Elp3 morphants present a ventrally-curved tail. (A) Schematic representation of the anti-codon loop of a tRNA, indicating position 34 (red arrow) where 5-methoxycarbonylmethyl-2-thiouridine (mcm⁵s²U) is located. Anti-codon is depicted in green. (B) In situ hybridization of Elp3 mRNA in 4 cell (upper) and 27 hpf (lower) embryos. Scale bar 0.7 mm. (C) Saccharomyces cerevisiae mutants for ELP3 (ΔELP3) were transformed with an expression plasmid that contained zebrafish Elp3 (zElp3). BY4741 was used as control. Image representative of three independent experiments. (D) Western blot detecting Elp3 in 48 hpf samples from control and morphant embryos (MO-Elp3); β-actin was used as loading control. Samples from embryos injected with translation- (ATG) and splicing-blocking (SP). (E) Liquid chromatography-mass spectrometry (LC-MS) analysis of tRNA modification. Peak area values for mcm⁵s²U are shown normalized to the of purified tRNA for each sample (n = 3, * p < 0.05). (F) qPCR for UPR targets BiP, Chop and Atf4. Fold change in mRNA levels comparing morphant embryos to controls; t-test was performed for statistical analysis. *** p < 0.005). (G) Representative images of control, morphants and MO + ELP3 mRNA injected embryos by 48 hpf (images representative of at least six independent experiments, in which at least 100 embryos were analyzed).

Aberrant somite shape and horizontal myoseptum in Elp3 morphants. To show somite boundary we detected β-dystroglycan in (A) control and morphant 48 hpf embryos, nuclei were stained with TO-PRO. Images representative of three independent experiments. Horizontal myoseptum is indicated with a white arrowhead. Scale Bar 50 µm. Also, somite angle (B) and area (C) were measured (N = 3, n = 50, t-Student. *** p < 0.005). Myomesin was also detected (D) in 48 hpf control and morphant embryos (N = 3, n = 50, t-Student). Scale bar 10 µm. (E) To evaluate muscle function coiling was measured counting twitches per minute in 30 hpf embryos (N = 3, n = 50, t-Student; ns non-significant).
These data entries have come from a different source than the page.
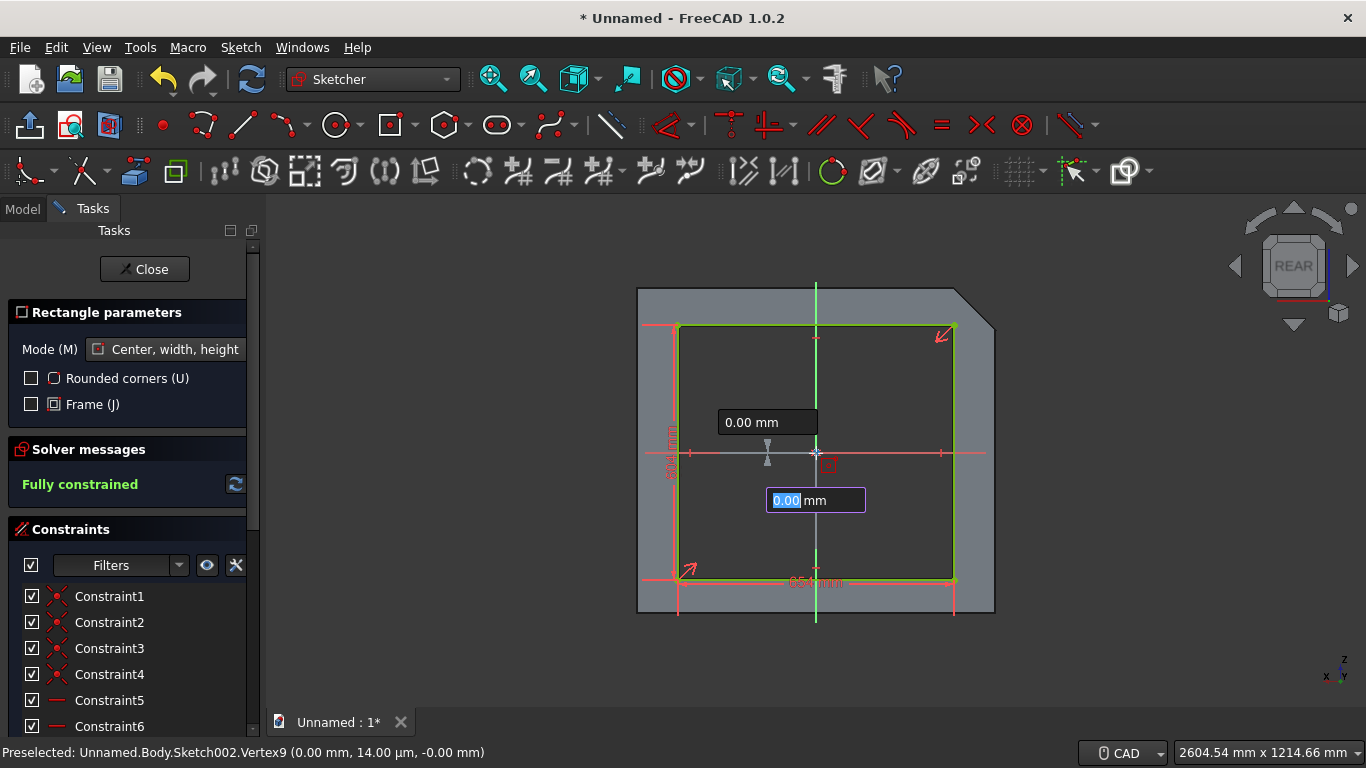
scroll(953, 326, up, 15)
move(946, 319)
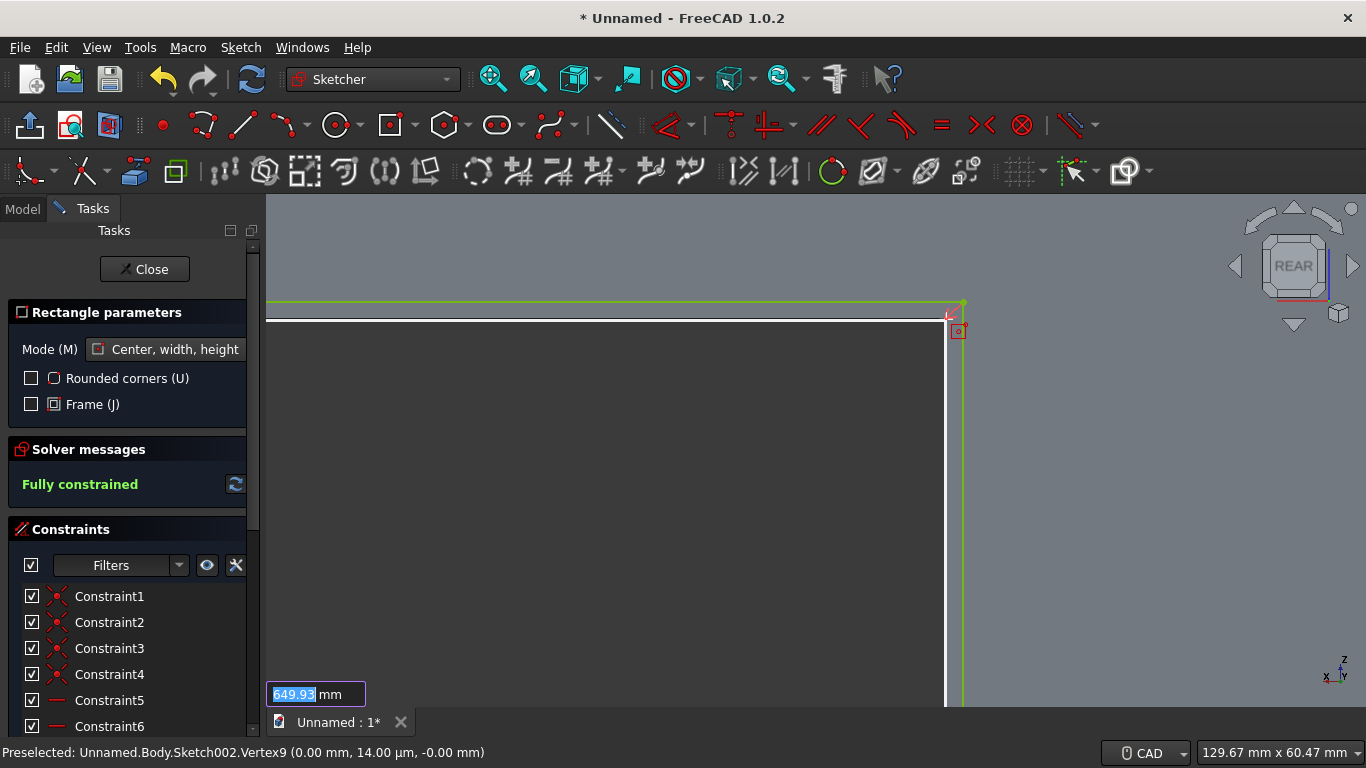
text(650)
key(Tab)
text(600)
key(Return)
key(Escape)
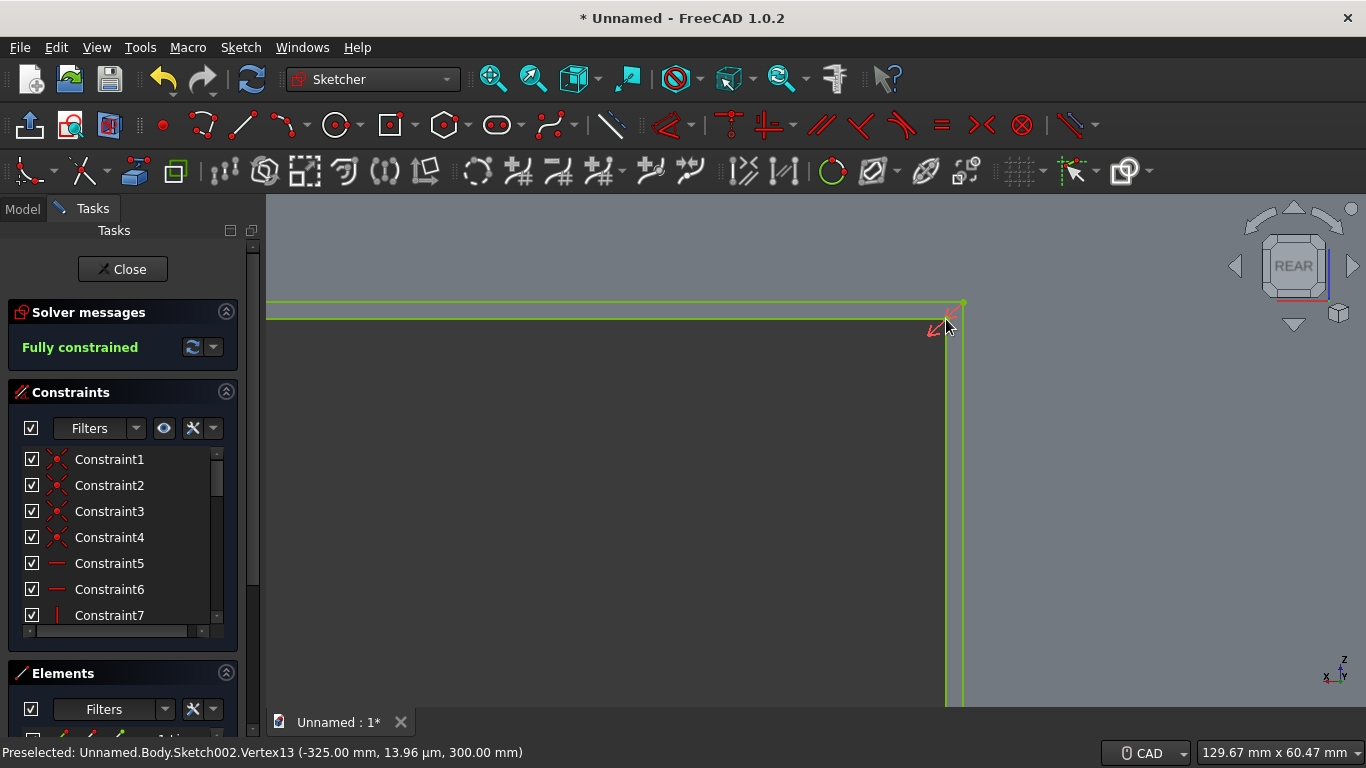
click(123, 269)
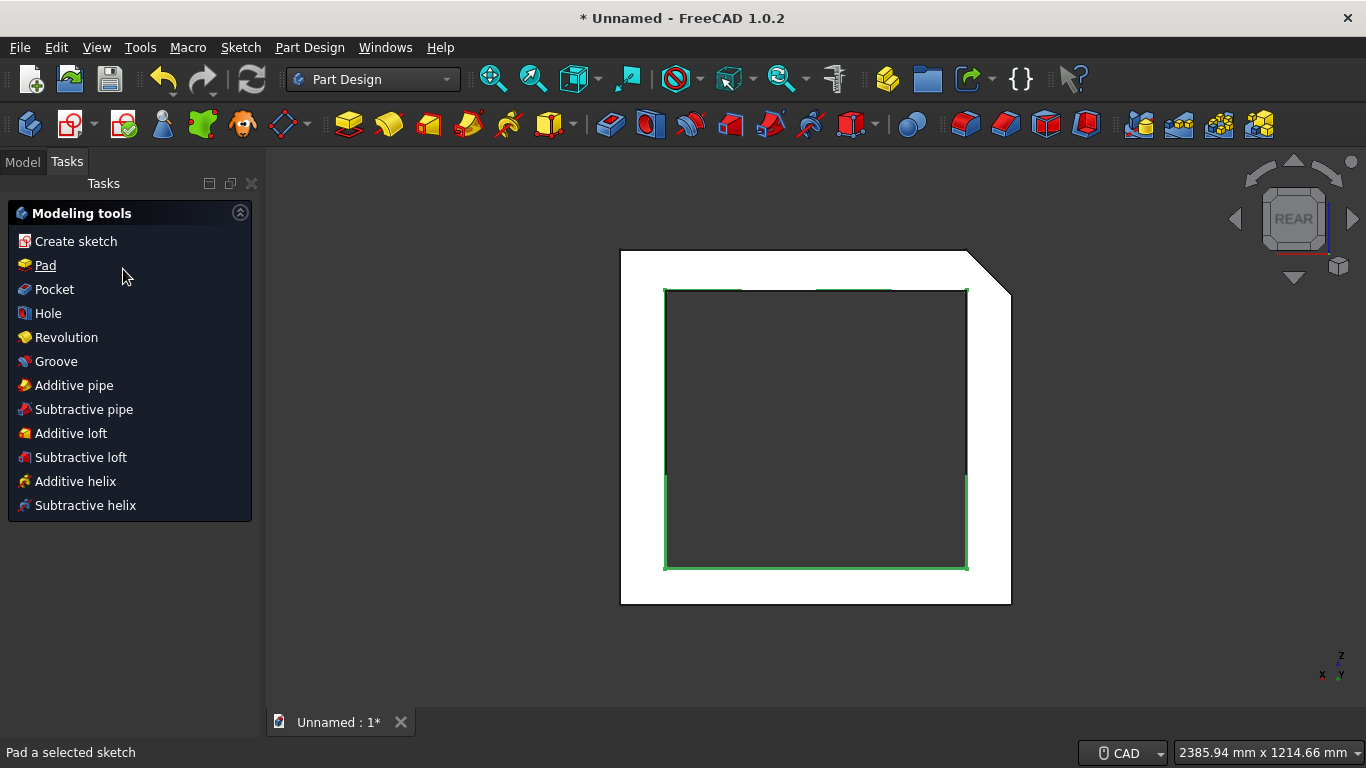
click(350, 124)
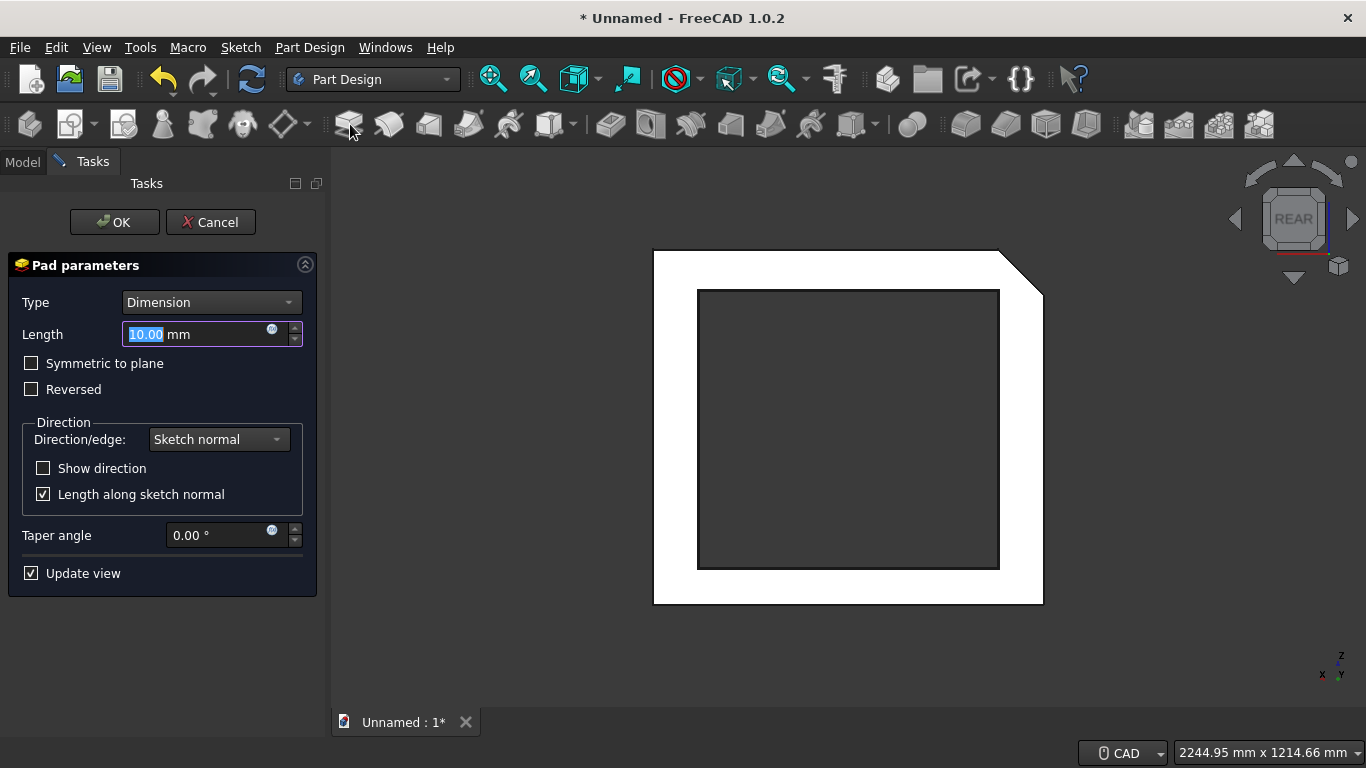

Abnormal muscle fiber morphology in morphants. Muscle fibers of control (A, D, G and J), morphants (B, E, H and K) and MO + PKADN mRNA injected (C, F, I and L) were analyzed. Upper panels show fast fibers (F59) and lower show slow fibers (S58). F-actin was stained with TRICT-phalloidin. Scale bar 50 µm. Images representative of 4 independent experiments.

Shh activity is diminished in ELP morphants. (A) Immunohistochemistry usnig an anti-Engrailed antibody to visualize the adaxial cells. Control, elp3 morphants and MO/PKA^DN mRNA-injected animals were analyzed 24 hpf. (B) The number of engrailed(+) cells were counted (N = 4, n = 30, ANOVA *** p < 0.005). (C) In situ hybridization to detect the expression pattern of col2a1 in control, elp3 morphants and MO/PKA^DN mRNA-injected fish (images representative of four independent experiments). Scale bar 40 µm.

Morphant phenotype is rescued by sonic hedgehog pathway activation. Images of 2dpf larvae of (A) Control, (B) Control + 0.1% DMSO (C) Control + Pur 10 µM, (D) MO-Elp3 injected, (E) MO-Elp3 + 0.1% DMSO and (F) MO-Elp3 + Pur 10 µM. (G) MO Elp3 + GFP mRNA and (H) MO Elp3 + PKA^DN mRNA. Images are representative of four independent experiments.